Money will be tight for me for Australian scale things, like planes, but not for Mexican scale things, like living. If you can only get as close as Yucutan (places like the island of Cozumel, Playa [beach] del Carmen or Cancun) try to get to Tulum - the beautiful Mayan ruins where you can also go to the beach. ( http://www.differentworld.com/mexico/places/tulum/tulum.htm ) Veracruz is the port most likely if you come near Mexico City.
Visas are fine, and renewable-ish, if you don't work. If you work over the net, like James, from another country that's fine too. To work here, you need to work in a language school, teaching english - and the school sorts you out a visa for this.* Visas to work here normally are hard. And, unless you want to settle here for good, bad - because the money's not enough to leave the country again. ("It would take me 2 years to save enough money to fly to Australia." Pilar told me, in one of her first letters. ...)
Thanks for congratulations. Had always wanted not to be at my graduation ceremony, but hadn't realised that I was this organised in arranging it. Hope that Anna's drinks were a good peda. (Mexican way to talk about a good evening of getting drunk with one's good friends - as opposed to the other sort of drunk. It means "fart" literally, but it's best not to think about that. Like the scorpions. (Try to avoid coming in May.))

...
Will post many more photos soon, and should be able to arrange an Australian Skype number you can call me on (or, more often, leave voicemail on) soon too.

love, Zacha.


* In theory. I had it later explained to me that what happens is that the school tells you that it's sorted out your visa for you.

Saturday 17 February 2007

Letter 2 - Zacha to Parents, 19/02/06

Will blog again when I have time. At the moment I want to write to my friends in Australia and tell them that I'm not coming back for a while, first.
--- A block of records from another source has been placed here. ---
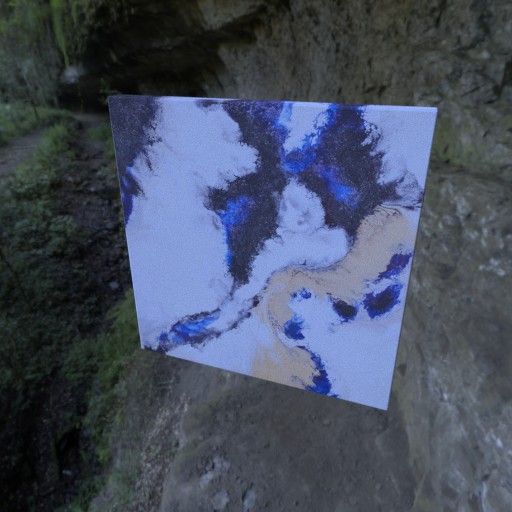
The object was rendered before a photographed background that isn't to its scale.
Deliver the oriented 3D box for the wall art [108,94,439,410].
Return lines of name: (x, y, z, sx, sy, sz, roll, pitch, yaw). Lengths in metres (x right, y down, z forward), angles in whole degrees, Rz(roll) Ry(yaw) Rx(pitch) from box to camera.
wall art: (0.000, 0.000, 0.918, 0.609, 0.609, 0.039, 9, 27, 18)
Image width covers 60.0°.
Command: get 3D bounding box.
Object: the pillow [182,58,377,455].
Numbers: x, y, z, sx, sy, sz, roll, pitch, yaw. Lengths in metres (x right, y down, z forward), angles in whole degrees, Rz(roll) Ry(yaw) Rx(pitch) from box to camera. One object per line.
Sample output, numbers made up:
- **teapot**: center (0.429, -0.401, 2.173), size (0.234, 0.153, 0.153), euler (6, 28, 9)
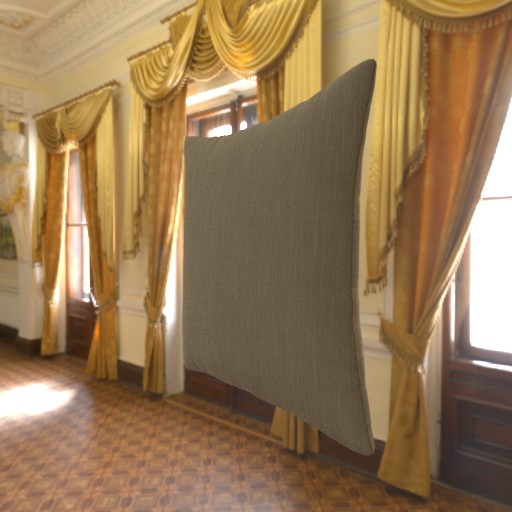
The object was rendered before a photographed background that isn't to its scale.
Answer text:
- **pillow**: center (0.000, 0.000, 0.769), size (0.161, 0.509, 0.511), euler (-1, 2, -36)
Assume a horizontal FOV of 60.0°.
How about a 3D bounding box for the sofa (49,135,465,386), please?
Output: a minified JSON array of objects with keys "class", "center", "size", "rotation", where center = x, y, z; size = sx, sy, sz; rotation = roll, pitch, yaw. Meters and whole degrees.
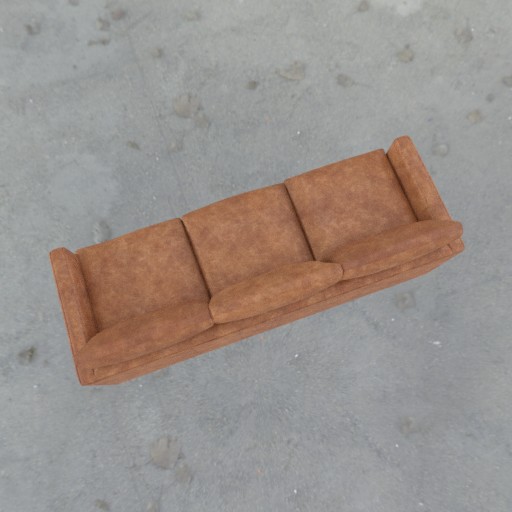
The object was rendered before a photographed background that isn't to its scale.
[{"class":"sofa","center":[0.000,0.000,2.421],"size":[2.029,0.863,0.748],"rotation":[-19,75,-5]}]
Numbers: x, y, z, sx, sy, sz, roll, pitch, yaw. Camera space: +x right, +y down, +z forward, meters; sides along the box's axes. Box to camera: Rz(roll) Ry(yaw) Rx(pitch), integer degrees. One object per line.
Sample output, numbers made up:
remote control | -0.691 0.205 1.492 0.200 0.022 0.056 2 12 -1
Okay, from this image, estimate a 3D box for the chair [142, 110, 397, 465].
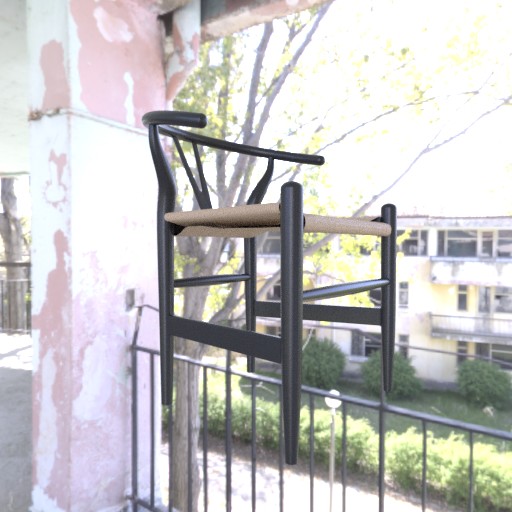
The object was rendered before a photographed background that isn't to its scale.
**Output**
chair | 0.000 0.000 1.161 0.570 0.739 0.570 1 1 36
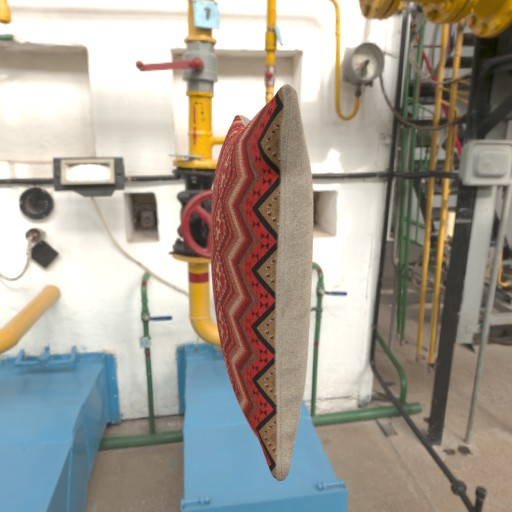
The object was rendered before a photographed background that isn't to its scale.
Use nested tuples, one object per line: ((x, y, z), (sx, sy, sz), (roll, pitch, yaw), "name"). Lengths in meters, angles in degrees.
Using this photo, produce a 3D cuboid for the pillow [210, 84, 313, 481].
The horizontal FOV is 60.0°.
((0.000, 0.000, 0.781), (0.158, 0.511, 0.513), (-2, 15, -8), "pillow")
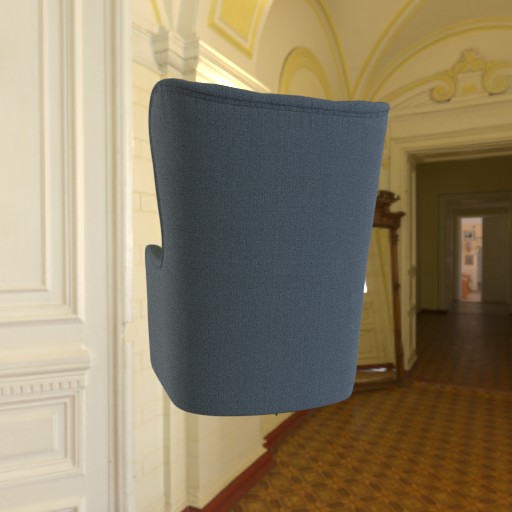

This is the season of Posadas here - which means that there's a christmas party every day with family and friends (usually both at the same time). I've been to Pilar's giant family Posada on Saturday. They were very cool, and it reminded me of Raquel to watch her play with the children. I seem to be getting along with Anahí (her daughter) better and better - and her father talks to me a lot in Spanish to explain the origins of many things. He has a little of the father in My Big Fat Greek Wedding - because he knows the origins of everything - but at home he potters around with satsifaction a lot like [our family friend] Gerald.
After the Posada was the wedding reception (we had to miss the ceremony for the Posada). Very late in the night we had a Taco stand deliver itself to the wedding, after which Pilar and I went home (Anahí had stayed for the end of the Posada, so that she could get all the lollies out of the Piñatas). We had drunk and danced all night. Chinelos played for an hour and half - musicians who sound like wild gypsies venting high-pitched trumpets and clarinets. You dance by bouncing with your arms laterally above your chest, and at the right point in the music you jump three times until you shout. The music never really stops. It just stops for a bare moment to breathe in. The reception was outdoors, in a park opposite the church. In the park were big round tables like an Australian wedding. But at the back was a covered concrete area with the drinks and some food and the dancing - the salsa: the Chinelos played in the field, with four men dressed like dancing kings in paper-mache masks with rosy cheeks and tall and colourful paper crowns. I ran into a few people who didn't know I was back in Mexico. Carlos and Itzel found me in a queue to dance with Sara and Fernando (Sarita and Fer - my friends getting married). Erna - Karla's Mum - asked me what I was doing back in Mexico. It was easier not to explain with my spanish - so I kissed Pilar. Unfortunately Erna didn't understand at all, and I had to explain it anyway. I had a great conversation with her and Karla's grandma later on.
The next day - Sunday - we returned to the camping-site (by then any number of people had stayed overnight there in tents) and had a mini-Posada to finish off the food and smash Piñatas. The most popular Piñatas are round in the middle, with many conical, carboard points like a star. The round part is a big pottery jar - all the lollies and fruit wait inside until it's smashed. Then everyone - everyone - scrabbles in to seize, and more often than not sit on, the lollies until everyone calms down. Anahí is particularly good at this, although Karla kicks ass as well. James is the most enthusiastic, and broke the first Piñata in the first turn of the night.
We went to another Posada tonight, but Pilar and I arrived a little later and missed most of the evening. Anahí has now been to three Posadas for three nights running. I asked her on the second night how many sweets she'd collected during the night in her plastic bag, she told me:

"Enough for a year."

Tomorrow I don't think there are any Posadas tomorrow. But it's the season, so I wouldn't be surprised. I'll probably come back here to James and Karla's house in the evening, so I can check my email. Sara and Fernando have decided to move in here when James and Karla come to Australia. Which fantastic, because this is a great house, and the centre of the community and it would be a shame if that left here for a year. I'm staying here for Christmas night - which is the whole event here. We have an epiphany under the name of Los Reyes here, like in Spoleto, where the kids get presents at midnight. Midnight on Christmas night, they "rock the baby Jesus" occaisionally, but nothing else much happens. Around New Year's we should be going up to Morelia to spend it with one of Pilar's aunts. I might go down to Mexico City ("D.F." = deh-effeh = "district federal") if I can't find Pilar & Anahí's presents here in Cuernavaca. (Pilar's birthday is on the 5th of January - giving us the progression of Dad, Linda, Pilar in January. She'll be 29. Anahí's birthday is on September 6, so she'll stay 11 for a while yet.)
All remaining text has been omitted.